§ **About this task**
Below are the records; restate all of them exactly.

[Collection entries]
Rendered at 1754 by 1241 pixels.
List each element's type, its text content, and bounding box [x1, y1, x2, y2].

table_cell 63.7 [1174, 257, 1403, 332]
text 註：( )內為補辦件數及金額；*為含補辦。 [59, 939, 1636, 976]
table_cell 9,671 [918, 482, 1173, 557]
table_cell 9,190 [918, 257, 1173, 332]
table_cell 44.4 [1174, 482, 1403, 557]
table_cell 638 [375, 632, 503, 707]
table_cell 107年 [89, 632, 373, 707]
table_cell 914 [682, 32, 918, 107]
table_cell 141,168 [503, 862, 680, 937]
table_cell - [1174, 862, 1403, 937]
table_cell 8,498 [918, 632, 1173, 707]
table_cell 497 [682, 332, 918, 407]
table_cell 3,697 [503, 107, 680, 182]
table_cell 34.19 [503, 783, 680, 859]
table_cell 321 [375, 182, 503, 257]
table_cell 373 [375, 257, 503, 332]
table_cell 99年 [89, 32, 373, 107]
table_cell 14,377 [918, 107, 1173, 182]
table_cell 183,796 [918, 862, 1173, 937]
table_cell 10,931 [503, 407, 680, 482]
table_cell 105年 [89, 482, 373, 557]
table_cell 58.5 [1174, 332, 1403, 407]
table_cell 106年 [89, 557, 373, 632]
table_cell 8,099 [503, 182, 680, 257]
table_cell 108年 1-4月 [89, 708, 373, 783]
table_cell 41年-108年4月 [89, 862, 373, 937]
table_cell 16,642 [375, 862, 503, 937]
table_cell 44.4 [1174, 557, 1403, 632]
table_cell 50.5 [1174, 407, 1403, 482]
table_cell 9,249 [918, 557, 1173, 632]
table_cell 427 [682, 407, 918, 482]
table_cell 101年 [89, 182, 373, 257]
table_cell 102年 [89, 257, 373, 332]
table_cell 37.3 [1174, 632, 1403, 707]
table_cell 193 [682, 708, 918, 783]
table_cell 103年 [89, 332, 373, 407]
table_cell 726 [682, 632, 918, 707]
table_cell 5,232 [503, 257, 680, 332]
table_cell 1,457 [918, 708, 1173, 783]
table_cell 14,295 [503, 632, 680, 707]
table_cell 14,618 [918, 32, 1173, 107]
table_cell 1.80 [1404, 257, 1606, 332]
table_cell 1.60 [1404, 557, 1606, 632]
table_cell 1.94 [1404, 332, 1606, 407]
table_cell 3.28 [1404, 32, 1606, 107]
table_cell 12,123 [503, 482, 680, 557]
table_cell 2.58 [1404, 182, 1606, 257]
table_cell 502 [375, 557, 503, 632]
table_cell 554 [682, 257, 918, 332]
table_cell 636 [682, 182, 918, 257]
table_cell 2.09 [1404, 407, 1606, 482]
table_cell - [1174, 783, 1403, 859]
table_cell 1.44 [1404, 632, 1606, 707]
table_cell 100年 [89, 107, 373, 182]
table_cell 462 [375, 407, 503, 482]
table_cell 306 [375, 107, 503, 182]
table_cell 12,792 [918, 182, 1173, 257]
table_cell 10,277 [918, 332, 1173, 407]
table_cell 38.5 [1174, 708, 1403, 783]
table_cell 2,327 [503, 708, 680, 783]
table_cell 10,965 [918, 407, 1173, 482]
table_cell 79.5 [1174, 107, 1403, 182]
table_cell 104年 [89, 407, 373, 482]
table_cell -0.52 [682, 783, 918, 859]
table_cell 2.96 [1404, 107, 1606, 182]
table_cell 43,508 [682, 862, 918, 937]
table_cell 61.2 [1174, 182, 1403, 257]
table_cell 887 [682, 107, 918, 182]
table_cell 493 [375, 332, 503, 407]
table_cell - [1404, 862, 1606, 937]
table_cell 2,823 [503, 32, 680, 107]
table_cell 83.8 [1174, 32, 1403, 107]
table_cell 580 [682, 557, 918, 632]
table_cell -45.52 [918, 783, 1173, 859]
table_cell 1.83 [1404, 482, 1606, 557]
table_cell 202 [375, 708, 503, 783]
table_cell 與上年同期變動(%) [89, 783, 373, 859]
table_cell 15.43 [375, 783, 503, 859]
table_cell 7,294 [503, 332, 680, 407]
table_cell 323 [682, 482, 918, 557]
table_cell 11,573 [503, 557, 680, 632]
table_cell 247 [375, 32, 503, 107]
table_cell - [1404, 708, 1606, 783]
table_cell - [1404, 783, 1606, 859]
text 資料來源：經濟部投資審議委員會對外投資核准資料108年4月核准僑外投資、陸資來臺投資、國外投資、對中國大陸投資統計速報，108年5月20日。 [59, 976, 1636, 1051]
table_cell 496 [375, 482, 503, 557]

§ **Written answer**
Rendered at 1754 by 1241 pixels.
List each element's type, its text content, and bounding box [x1, y1, x2, y2].

table_cell 63.7 [1174, 257, 1403, 332]
text 註：( )內為補辦件數及金額；*為含補辦。 [59, 939, 1636, 976]
table_cell 9,671 [918, 482, 1173, 557]
table_cell 9,190 [918, 257, 1173, 332]
table_cell 44.4 [1174, 482, 1403, 557]
table_cell 638 [375, 632, 503, 707]
table_cell 107年 [89, 632, 373, 707]
table_cell 914 [682, 32, 918, 107]
table_cell 141,168 [503, 862, 680, 937]
table_cell - [1174, 862, 1403, 937]
table_cell 8,498 [918, 632, 1173, 707]
table_cell 497 [682, 332, 918, 407]
table_cell 3,697 [503, 107, 680, 182]
table_cell 34.19 [503, 783, 680, 859]
table_cell 321 [375, 182, 503, 257]
table_cell 373 [375, 257, 503, 332]
table_cell 99年 [89, 32, 373, 107]
table_cell 14,377 [918, 107, 1173, 182]
table_cell 183,796 [918, 862, 1173, 937]
table_cell 10,931 [503, 407, 680, 482]
table_cell 105年 [89, 482, 373, 557]
table_cell 58.5 [1174, 332, 1403, 407]
table_cell 106年 [89, 557, 373, 632]
table_cell 8,099 [503, 182, 680, 257]
table_cell 108年 1-4月 [89, 708, 373, 783]
table_cell 41年-108年4月 [89, 862, 373, 937]
table_cell 16,642 [375, 862, 503, 937]
table_cell 44.4 [1174, 557, 1403, 632]
table_cell 50.5 [1174, 407, 1403, 482]
table_cell 9,249 [918, 557, 1173, 632]
table_cell 427 [682, 407, 918, 482]
table_cell 101年 [89, 182, 373, 257]
table_cell 102年 [89, 257, 373, 332]
table_cell 37.3 [1174, 632, 1403, 707]
table_cell 193 [682, 708, 918, 783]
table_cell 103年 [89, 332, 373, 407]
table_cell 726 [682, 632, 918, 707]
table_cell 5,232 [503, 257, 680, 332]
table_cell 1,457 [918, 708, 1173, 783]
table_cell 14,295 [503, 632, 680, 707]
table_cell 14,618 [918, 32, 1173, 107]
table_cell 1.80 [1404, 257, 1606, 332]
table_cell 1.60 [1404, 557, 1606, 632]
table_cell 1.94 [1404, 332, 1606, 407]
table_cell 3.28 [1404, 32, 1606, 107]
table_cell 12,123 [503, 482, 680, 557]
table_cell 2.58 [1404, 182, 1606, 257]
table_cell 502 [375, 557, 503, 632]
table_cell 554 [682, 257, 918, 332]
table_cell 636 [682, 182, 918, 257]
table_cell 2.09 [1404, 407, 1606, 482]
table_cell - [1174, 783, 1403, 859]
table_cell 1.44 [1404, 632, 1606, 707]
table_cell 100年 [89, 107, 373, 182]
table_cell 462 [375, 407, 503, 482]
table_cell 306 [375, 107, 503, 182]
table_cell 12,792 [918, 182, 1173, 257]
table_cell 10,277 [918, 332, 1173, 407]
table_cell 38.5 [1174, 708, 1403, 783]
table_cell 2,327 [503, 708, 680, 783]
table_cell 10,965 [918, 407, 1173, 482]
table_cell 79.5 [1174, 107, 1403, 182]
table_cell 104年 [89, 407, 373, 482]
table_cell -0.52 [682, 783, 918, 859]
table_cell 2.96 [1404, 107, 1606, 182]
table_cell 43,508 [682, 862, 918, 937]
table_cell 61.2 [1174, 182, 1403, 257]
table_cell 887 [682, 107, 918, 182]
table_cell 493 [375, 332, 503, 407]
table_cell - [1404, 862, 1606, 937]
table_cell 2,823 [503, 32, 680, 107]
table_cell 83.8 [1174, 32, 1403, 107]
table_cell 580 [682, 557, 918, 632]
table_cell -45.52 [918, 783, 1173, 859]
table_cell 1.83 [1404, 482, 1606, 557]
table_cell 202 [375, 708, 503, 783]
table_cell 與上年同期變動(%) [89, 783, 373, 859]
table_cell 15.43 [375, 783, 503, 859]
table_cell 7,294 [503, 332, 680, 407]
table_cell 323 [682, 482, 918, 557]
table_cell 11,573 [503, 557, 680, 632]
table_cell 247 [375, 32, 503, 107]
table_cell - [1404, 708, 1606, 783]
table_cell - [1404, 783, 1606, 859]
text 資料來源：經濟部投資審議委員會對外投資核准資料108年4月核准僑外投資、陸資來臺投資、國外投資、對中國大陸投資統計速報，108年5月20日。 [59, 976, 1636, 1051]
table_cell 496 [375, 482, 503, 557]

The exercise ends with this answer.